# WHAT TO WORK ON:
Your job is to return each record exactly, minus any pictures.

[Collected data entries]
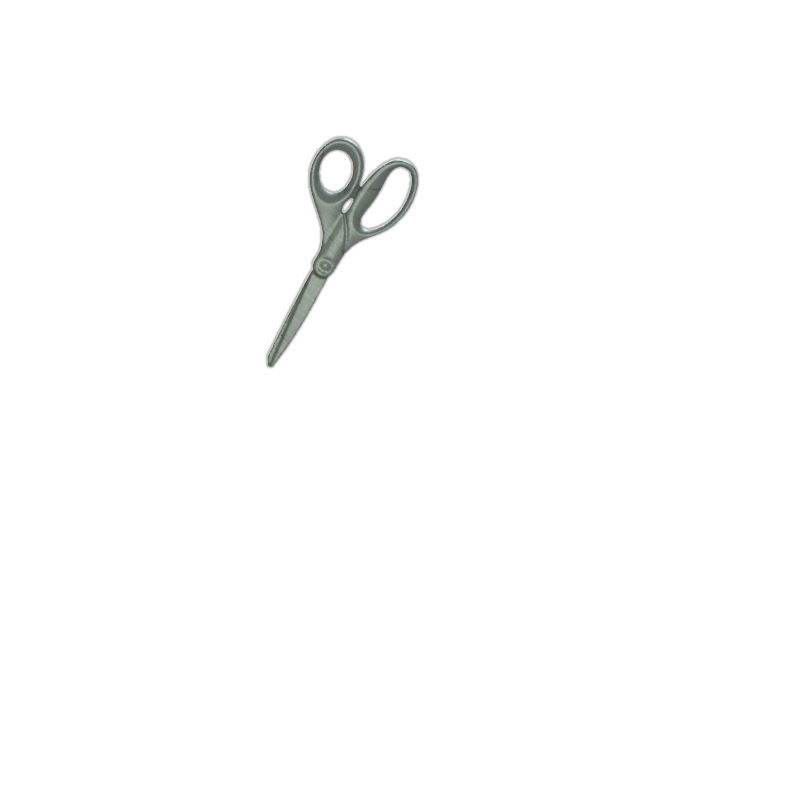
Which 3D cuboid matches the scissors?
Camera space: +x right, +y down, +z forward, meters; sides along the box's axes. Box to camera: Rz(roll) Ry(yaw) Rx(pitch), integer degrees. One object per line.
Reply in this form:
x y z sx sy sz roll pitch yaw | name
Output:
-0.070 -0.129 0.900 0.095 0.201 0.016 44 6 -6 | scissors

# TASK RESPONSE:
Which 3D cuboid matches the scissors?
Camera space: +x right, +y down, +z forward, meters; sides along the box's axes. Box to camera: Rz(roll) Ry(yaw) Rx(pitch), integer degrees. One object per line.
Reply in this form:
x y z sx sy sz roll pitch yaw | name
Output:
-0.070 -0.129 0.900 0.095 0.201 0.016 44 6 -6 | scissors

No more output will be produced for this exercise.